“It’s amazing to be in a program where everyone is passionate about science and research, but they are all so unique in their interests and research focuses.”
What inspired you to major in science?
“As a child, I was always told that the brain was responsible for some of the most complex functions in the body such as memory and learning. As I grew up, that fascination fostered a genuine curiosity in the brain’s mechanisms and anatomy. I was particularly drawn to the physiological factors behind pervasive developmental disorders, such as autism.”
What’s the larger significance of your Amgen Scholars research? What’s your ultimate career goal?
“There are a variety of projects that are in progress in Dr. Macklis’ Neuroscience lab at Harvard University. The fundamental idea is that in order to better approach complicated neurodegenerative diseases, such as Lou Gehrig’s disease, we must understand the development of neurons and the genes responsible for them. I would ultimately like to be a physician-scientist in the field of pediatric neurology/neurosurgery.”
Why did you apply to the Amgen Scholars Program?
“I applied because I wanted to understand what it really means to be a scientist. I wanted to get to know what it means to devote years of one’s life to answering a single question.
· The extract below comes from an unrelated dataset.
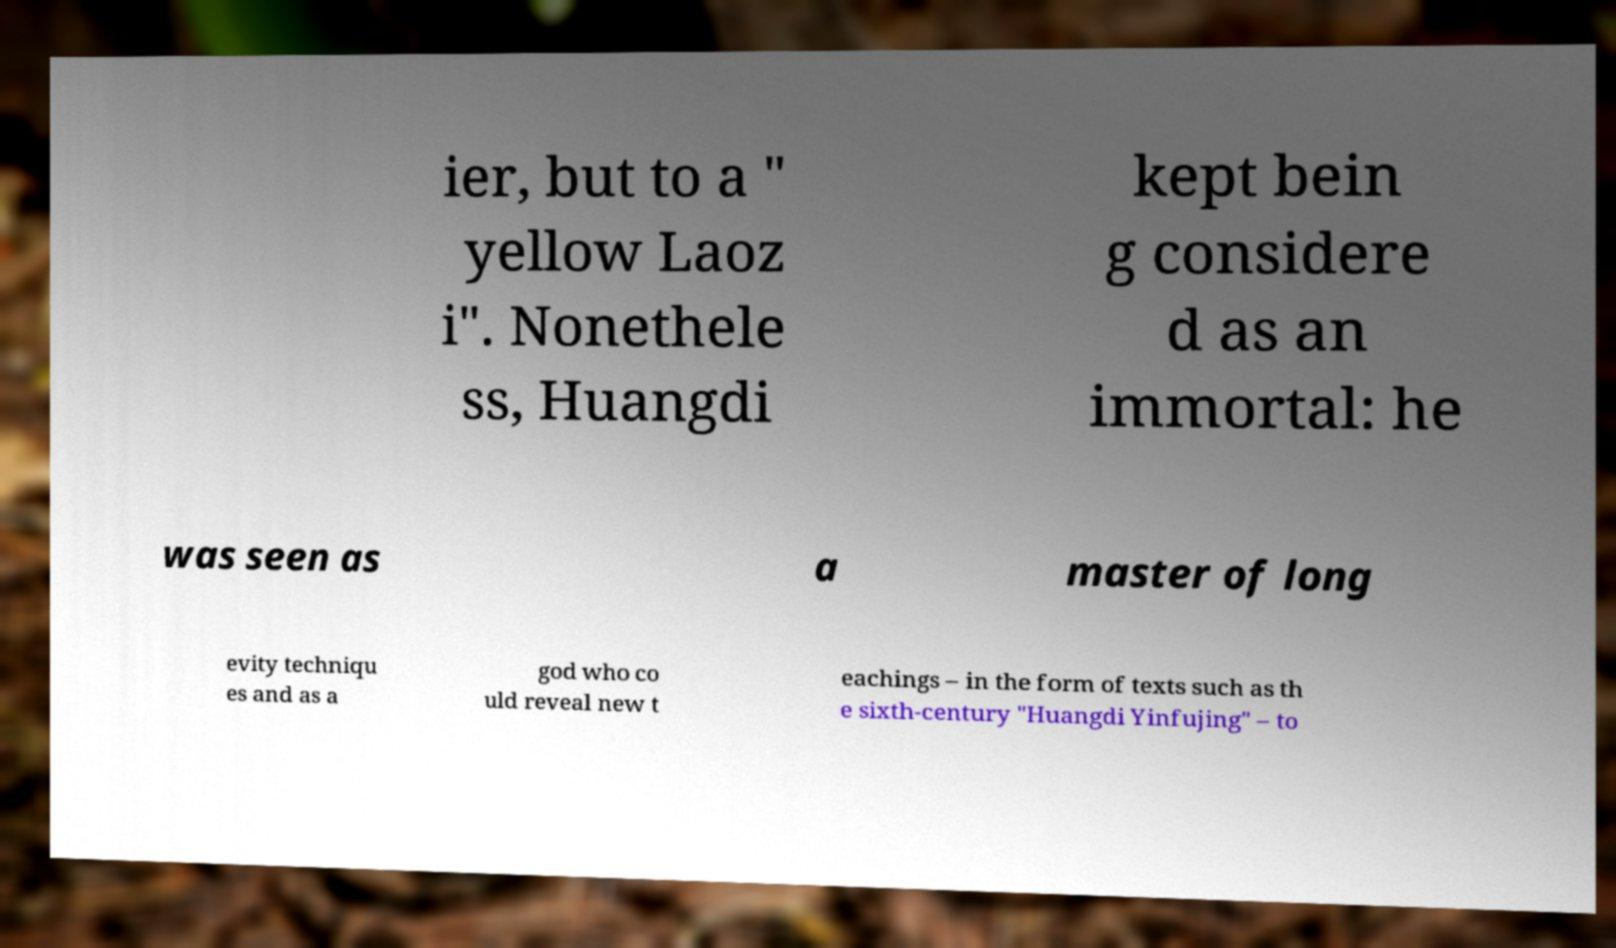What messages or text are displayed in this image? I need them in a readable, typed format. ier, but to a " yellow Laoz i". Nonethele ss, Huangdi kept bein g considere d as an immortal: he was seen as a master of long evity techniqu es and as a god who co uld reveal new t eachings – in the form of texts such as th e sixth-century "Huangdi Yinfujing" – to 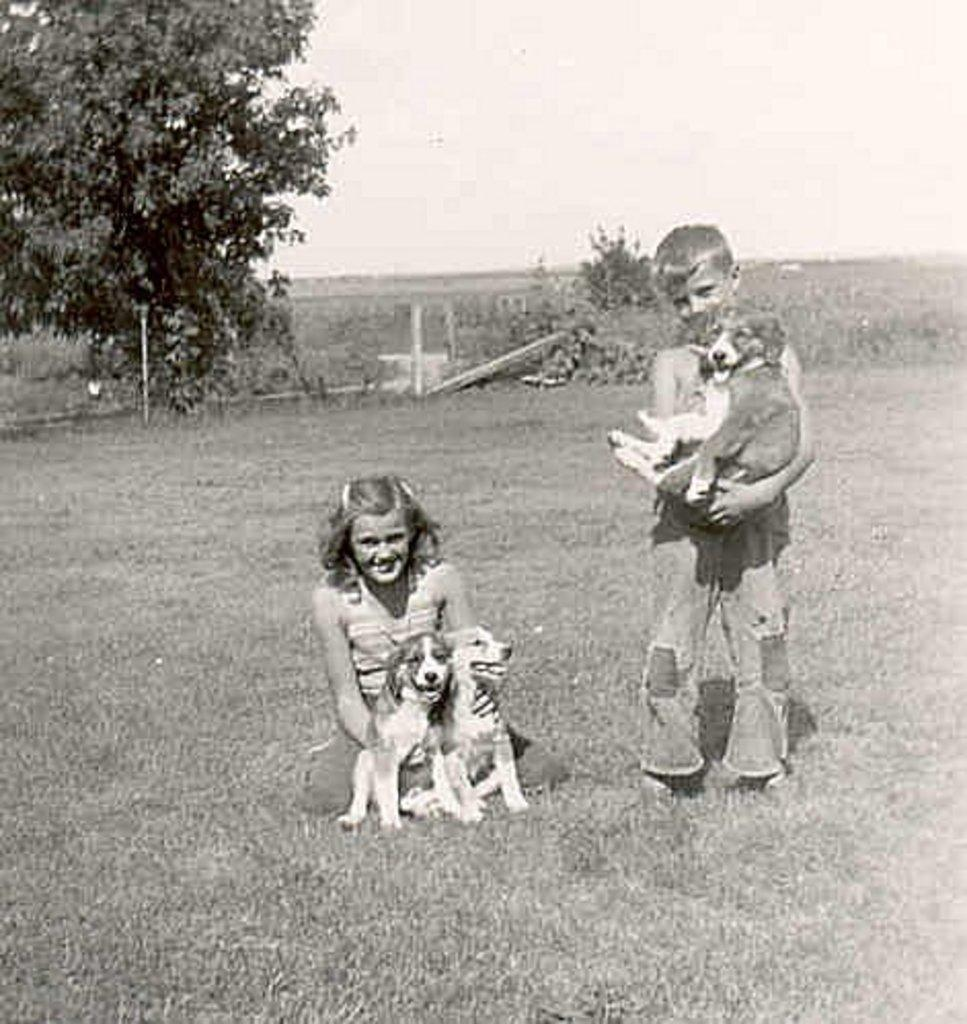How many people are present in the image? There are two people in the image. What are the people holding in the image? The people are holding dogs in the image. What can be seen in the background of the image? There are trees visible in the background of the image. What type of plastic object is being used by the people to walk their dogs in the image? There is no plastic object being used by the people to walk their dogs in the image; they are simply holding the dogs.

The Amgen Scholars Program at Harvard also gave me the chance to explore the molecular biology aspect of a Neuroscience lab, something that I did not have previous exposure to.”
What aspects of the program are you most enjoying this summer?
“Aside from the amazing laboratory experience this summer, I am really enjoying networking with other scholars in the Harvard Summer Undergraduate Research Village. It’s amazing to be in a program where everyone is passionate about science and research, but they are all so unique in their interests and research focuses. The friendships that I have made this summer are ones that will last throughout my life.”